Back in April, voters decided to tax themselves in order to equip the Anchorage Police Department (APD) with body cameras. Why? In the wake of George Floyd’s murder, the community recognized the importance for APD to be as transparent and accountable as possible. And body cameras provided a way for the public to understand how the city’s police officers did their jobs.
But 8 months into the project, we fear that body cameras won’t live up to their promise and will become another tool in the police department’s arsenal to collect information on residents, evade accountability, and obfuscate how APD polices the city.
First, we have to look at the department’s public input process. All along, Chief Ken McCoy has stressed the importance of building trust and being accountable and transparent with the public. We were glad that APD reached out to ACLU of Alaska to get feedback on its draft policy, and were happy to provide it. But we do not represent the entire community. On a whole, the way APD has collected input from the public makes it seem like the department did not want to put in the work to invite ordinary people into the process.
It’s hosted a single public listening session in the middle of summer, a week and a half after APD published a draft policy. Predictably, the session wasn’t well attended. And almost nobody showed up to the only other specific public comment opportunity, hosted by the Public Safety Advisory Commission on August 4.
These should have been signals that APD needed to do more, or adapt models that other police departments have used to truly connect with the community on similarly complex topics like aerial surveillance. Instead, the process has only gotten worse. The public hasn’t heard much about the policy over the last few months because the Municipal Attorney’s office said it needed to resolve privacy concerns. It’s unclear what that office’s role has been in shaping the new draft. It’s also unclear what other feedback APD has received from residents or groups, and how that feedback shaped the policy.
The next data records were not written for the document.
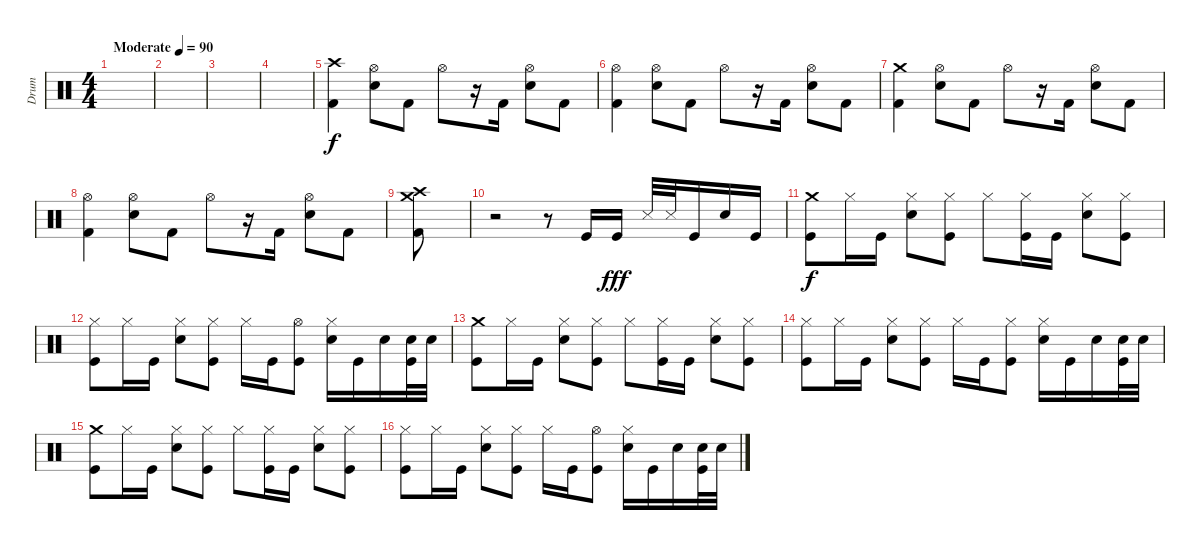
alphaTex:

\track ("Drum" "Drum") {instrument percussion}
\staff {score}
\articulation defaults
\ts (4 4)
\tempo (90 "Moderate")
\clef neutral
\ks c
|
|
|
|
("Crash high (hit)" "Kick (hit) 2").4 ("Hi-Hat (open)" "Electric Snare (hit)").8 "Kick (hit) 2".8 "Hi-Hat (open)".8 r.16 "Kick (hit) 2".16 ("Hi-Hat (open)" "Electric Snare (hit)").8 "Kick (hit) 2".8 |
("Hi-Hat (open)" "Kick (hit) 2").4 ("Hi-Hat (open)" "Electric Snare (hit)").8 "Kick (hit) 2".8 "Hi-Hat (open)".8 r.16 "Kick (hit) 2".16 ("Hi-Hat (open)" "Electric Snare (hit)").8 "Kick (hit) 2".8 |
("Crash medium (hit)" "Kick (hit) 2").4 ("Hi-Hat (open)" "Electric Snare (hit)").8 "Kick (hit) 2".8 "Hi-Hat (open)".8 r.16 "Kick (hit) 2".16 ("Hi-Hat (open)" "Electric Snare (hit)").8 "Kick (hit) 2".8 |
("Hi-Hat (open)" "Kick (hit) 2").4 ("Hi-Hat (open)" "Electric Snare (hit)").8 "Kick (hit) 2".8 "Hi-Hat (open)".8 r.16 "Kick (hit) 2".16 ("Hi-Hat (open)" "Electric Snare (hit)").8 "Kick (hit) 2".8 |
("Crash high (hit)" "Crash medium (hit)" "Kick (hit) 2").8 |
r.2 r.8 "Kick (hit)".16 "Kick (hit)".16{dy fff} "Snare (side stick) 3".32 "Snare (side stick) 3".32 "Kick (hit)".16 "Snare (hit) 2".16 "Kick (hit)".16 |
("Crash medium (hit)" "Kick (hit)").8{dy f} "Hi-Hat (closed)".16 "Kick (hit)".16 ("Hi-Hat (closed)" "Snare (hit) 2").8 ("Hi-Hat (closed)" "Kick (hit)").8 "Hi-Hat (closed)".8 ("Hi-Hat (closed)" "Kick (hit)").16 "Kick (hit)".16 ("Hi-Hat (closed)" "Snare (hit) 2").8 ("Hi-Hat (closed)" "Kick (hit)").8 |
("Hi-Hat (closed)" "Kick (hit)").8 "Hi-Hat (closed)".16 "Kick (hit)".16 ("Hi-Hat (closed)" "Snare (hit) 2").8 ("Hi-Hat (closed)" "Kick (hit)").8 "Hi-Hat (closed)".16 "Kick (hit)".16 ("Hi-Hat (open)" "Kick (hit)").8 ("Hi-Hat (closed)" "Snare (hit) 2").16 "Kick (hit)".16 "Snare (hit) 2".16 ("Snare (hit) 2" "Kick (hit)").32 "Snare (hit) 2".32 |
("Crash medium (hit)" "Kick (hit)").8 "Hi-Hat (closed)".16 "Kick (hit)".16 ("Hi-Hat (closed)" "Snare (hit) 2").8 ("Hi-Hat (closed)" "Kick (hit)").8 "Hi-Hat (closed)".8 ("Hi-Hat (closed)" "Kick (hit)").16 "Kick (hit)".16 ("Hi-Hat (closed)" "Snare (hit) 2").8 ("Hi-Hat (closed)" "Kick (hit)").8 |
("Hi-Hat (closed)" "Kick (hit)").8 "Hi-Hat (closed)".16 "Kick (hit)".16 ("Hi-Hat (closed)" "Snare (hit) 2").8 ("Hi-Hat (closed)" "Kick (hit)").8 "Hi-Hat (closed)".16 "Kick (hit)".16 ("Hi-Hat (closed)" "Kick (hit)").8 ("Hi-Hat (closed)" "Snare (hit) 2").16 "Kick (hit)".16 "Snare (hit) 2".16 ("Snare (hit) 2" "Kick (hit)").32 "Snare (hit) 2".32 |
("Crash medium (hit)" "Kick (hit)").8 "Hi-Hat (closed)".16 "Kick (hit)".16 ("Hi-Hat (closed)" "Snare (hit) 2").8 ("Hi-Hat (closed)" "Kick (hit)").8 "Hi-Hat (closed)".8 ("Hi-Hat (closed)" "Kick (hit)").16 "Kick (hit)".16 ("Hi-Hat (closed)" "Snare (hit) 2").8 ("Hi-Hat (closed)" "Kick (hit)").8 |
("Hi-Hat (closed)" "Kick (hit)").8 "Hi-Hat (closed)".16 "Kick (hit)".16 ("Hi-Hat (closed)" "Snare (hit) 2").8 ("Hi-Hat (closed)" "Kick (hit)").8 "Hi-Hat (closed)".16 "Kick (hit)".16 ("Hi-Hat (open)" "Kick (hit)").8 ("Hi-Hat (closed)" "Snare (hit) 2").16 "Kick (hit)".16 "Snare (hit) 2".16 ("Snare (hit) 2" "Kick (hit)").32 "Snare (hit) 2".32

Then on October 6, Municipal Manager Amy Demboski — not McCoy or a deputy — introduced a significantly different policy at an Assembly committee meeting during the middle of the day, and indicated the public would have just 30 more days to provide input. Demboski may have the authority to speak for APD or the Municipal Attorney’s office. But up to this point, it’s been Chief McCoy’s show, and her actions make us question how tightly the Bronson Administration is controlling decision-making and information flow.
To give a concrete example, McCoy indicated in August that he wanted the policy to include a provision that ensures public release of videos where a person is killed. We took his intent as a good sign. But it was dismaying to see the new policy draft did not include any language to this effect, without any kind of detailed explanation. Instead, we got the policy presented by Demboski, a person who has not been directly involved in the policy’s development or the legal issues at play.
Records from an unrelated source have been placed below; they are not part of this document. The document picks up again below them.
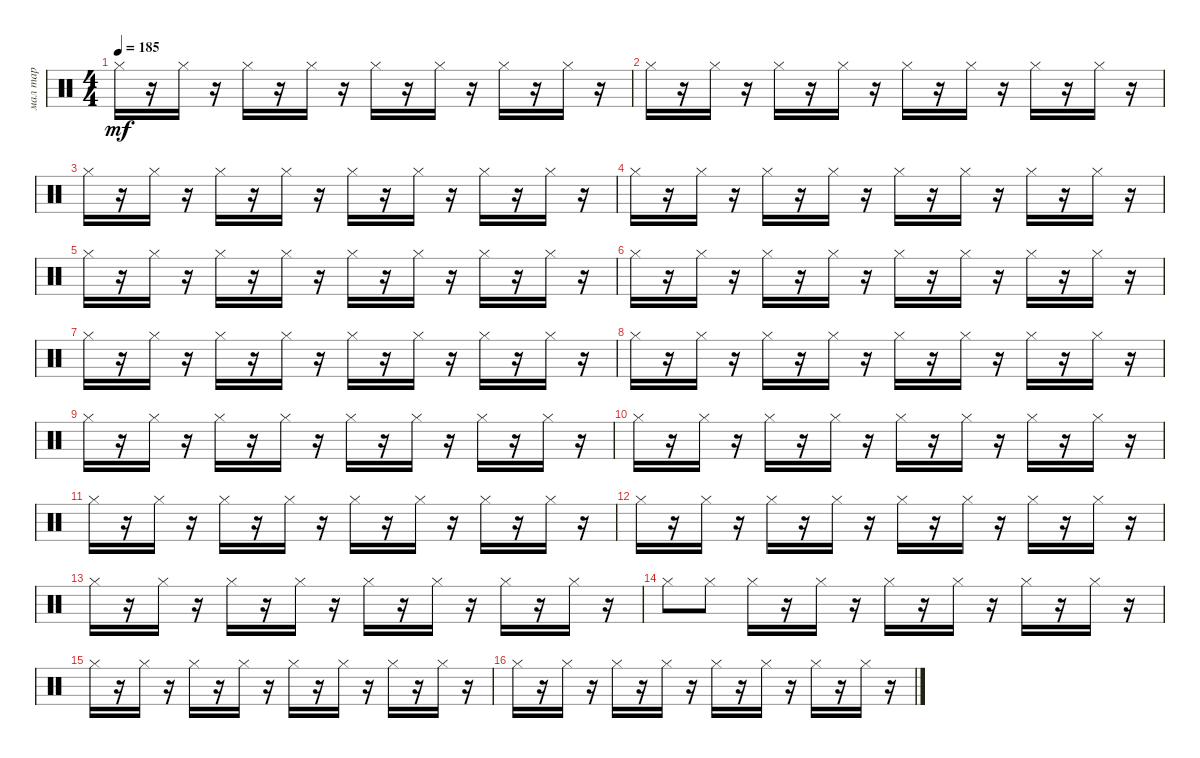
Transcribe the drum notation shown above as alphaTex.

\track ("мал тар" "мал тар") {instrument percussion}
\staff {score}
\articulation defaults
\ts (4 4)
\tempo 185
\clef neutral
\ks c "Hi-Hat (closed)".16{dy mf}
r.16 "Hi-Hat (closed)".16 r.16 "Hi-Hat (closed)".16 r.16 "Hi-Hat (closed)".16 r.16 "Hi-Hat (closed)".16 r.16 "Hi-Hat (closed)".16 r.16 "Hi-Hat (closed)".16 r.16 "Hi-Hat (closed)".16 r.16 |
"Hi-Hat (closed)".16 r.16 "Hi-Hat (closed)".16 r.16 "Hi-Hat (closed)".16 r.16 "Hi-Hat (closed)".16 r.16 "Hi-Hat (closed)".16 r.16 "Hi-Hat (closed)".16 r.16 "Hi-Hat (closed)".16 r.16 "Hi-Hat (closed)".16 r.16 |
"Hi-Hat (closed)".16 r.16 "Hi-Hat (closed)".16 r.16 "Hi-Hat (closed)".16 r.16 "Hi-Hat (closed)".16 r.16 "Hi-Hat (closed)".16 r.16 "Hi-Hat (closed)".16 r.16 "Hi-Hat (closed)".16 r.16 "Hi-Hat (closed)".16 r.16 |
"Hi-Hat (closed)".16 r.16 "Hi-Hat (closed)".16 r.16 "Hi-Hat (closed)".16 r.16 "Hi-Hat (closed)".16 r.16 "Hi-Hat (closed)".16 r.16 "Hi-Hat (closed)".16 r.16 "Hi-Hat (closed)".16 r.16 "Hi-Hat (closed)".16 r.16 |
"Hi-Hat (closed)".16 r.16 "Hi-Hat (closed)".16 r.16 "Hi-Hat (closed)".16 r.16 "Hi-Hat (closed)".16 r.16 "Hi-Hat (closed)".16 r.16 "Hi-Hat (closed)".16 r.16 "Hi-Hat (closed)".16 r.16 "Hi-Hat (closed)".16 r.16 |
"Hi-Hat (closed)".16 r.16 "Hi-Hat (closed)".16 r.16 "Hi-Hat (closed)".16 r.16 "Hi-Hat (closed)".16 r.16 "Hi-Hat (closed)".16 r.16 "Hi-Hat (closed)".16 r.16 "Hi-Hat (closed)".16 r.16 "Hi-Hat (closed)".16 r.16 |
"Hi-Hat (closed)".16 r.16 "Hi-Hat (closed)".16 r.16 "Hi-Hat (closed)".16 r.16 "Hi-Hat (closed)".16 r.16 "Hi-Hat (closed)".16 r.16 "Hi-Hat (closed)".16 r.16 "Hi-Hat (closed)".16 r.16 "Hi-Hat (closed)".16 r.16 |
"Hi-Hat (closed)".16 r.16 "Hi-Hat (closed)".16 r.16 "Hi-Hat (closed)".16 r.16 "Hi-Hat (closed)".16 r.16 "Hi-Hat (closed)".16 r.16 "Hi-Hat (closed)".16 r.16 "Hi-Hat (closed)".16 r.16 "Hi-Hat (closed)".16 r.16 |
"Hi-Hat (closed)".16 r.16 "Hi-Hat (closed)".16 r.16 "Hi-Hat (closed)".16 r.16 "Hi-Hat (closed)".16 r.16 "Hi-Hat (closed)".16 r.16 "Hi-Hat (closed)".16 r.16 "Hi-Hat (closed)".16 r.16 "Hi-Hat (closed)".16 r.16 |
"Hi-Hat (closed)".16 r.16 "Hi-Hat (closed)".16 r.16 "Hi-Hat (closed)".16 r.16 "Hi-Hat (closed)".16 r.16 "Hi-Hat (closed)".16 r.16 "Hi-Hat (closed)".16 r.16 "Hi-Hat (closed)".16 r.16 "Hi-Hat (closed)".16 r.16 |
"Hi-Hat (closed)".16 r.16 "Hi-Hat (closed)".16 r.16 "Hi-Hat (closed)".16 r.16 "Hi-Hat (closed)".16 r.16 "Hi-Hat (closed)".16 r.16 "Hi-Hat (closed)".16 r.16 "Hi-Hat (closed)".16 r.16 "Hi-Hat (closed)".16 r.16 |
"Hi-Hat (closed)".16 r.16 "Hi-Hat (closed)".16 r.16 "Hi-Hat (closed)".16 r.16 "Hi-Hat (closed)".16 r.16 "Hi-Hat (closed)".16 r.16 "Hi-Hat (closed)".16 r.16 "Hi-Hat (closed)".16 r.16 "Hi-Hat (closed)".16 r.16 |
"Hi-Hat (closed)".16 r.16 "Hi-Hat (closed)".16 r.16 "Hi-Hat (closed)".16 r.16 "Hi-Hat (closed)".16 r.16 "Hi-Hat (closed)".16 r.16 "Hi-Hat (closed)".16 r.16 "Hi-Hat (closed)".16 r.16 "Hi-Hat (closed)".16 r.16 |
"Hi-Hat (closed)".8 "Hi-Hat (closed)".8 "Hi-Hat (closed)".16 r.16 "Hi-Hat (closed)".16 r.16 "Hi-Hat (closed)".16 r.16 "Hi-Hat (closed)".16 r.16 "Hi-Hat (closed)".16 r.16 "Hi-Hat (closed)".16 r.16 |
"Hi-Hat (closed)".16 r.16 "Hi-Hat (closed)".16 r.16 "Hi-Hat (closed)".16 r.16 "Hi-Hat (closed)".16 r.16 "Hi-Hat (closed)".16 r.16 "Hi-Hat (closed)".16 r.16 "Hi-Hat (closed)".16 r.16 "Hi-Hat (closed)".16 r.16 |
"Hi-Hat (closed)".16 r.16 "Hi-Hat (closed)".16 r.16 "Hi-Hat (closed)".16 r.16 "Hi-Hat (closed)".16 r.16 "Hi-Hat (closed)".16 r.16 "Hi-Hat (closed)".16 r.16 "Hi-Hat (closed)".16 r.16 "Hi-Hat (closed)".16 r.16

Sometimes people complain about process because they don’t agree with the political or policy decisions being made. But in this case, the process was an opportunity to demonstrate to the community that APD will use body cameras to be transparent with the public and hold themselves accountable. And APD’s missteps on the public input process have been compounded by the apparent intervention of the Bronson Administration.
If the current draft of the policy is finalized, the public will almost certainly never see footage for incidents like the killings of William Riley-Jennings, shot by APD in Russian Jack Park last December, or Daelyn Polu, killed by police in February 2020. These are incidents that foment distrust, and where transparency and accountability are needed most. It is extremely frustrating that after the community fought over many years to bring body cameras to Anchorage, in the hopes that they would be used to build trust and deliver accountability, that they are likely to be used to consolidate police power. The policy will allow officers to stop recording to have secret conversations, or when the recording may show events that are unfavorable to an officer. It will allow APD to continue to abuse public records law to keep information from the public. It won’t allow the community to assess how APD enacts its new “low-level” offense enforcement scheme. It doesn’t make clear how long they will retain videos, allowing APD to treat people like prospective criminals. It provides no clear way for a person to see video of themselves.
It’s striking that APD released its latest policy the week that hundreds of people streamed to the Loussac Library, late into the night, to talk about how a proposed mask mandate is an unconstitutional attack on personal liberty and freedom — about how the Assembly members who support the mandate are tyrants. Do Anchorage residents realize how much freedom we already give away to the police, how much power we freely grant them to have? The body camera program is shaping up to give away more of your freedom, using your taxpayer dollars. We shouldn’t tolerate it.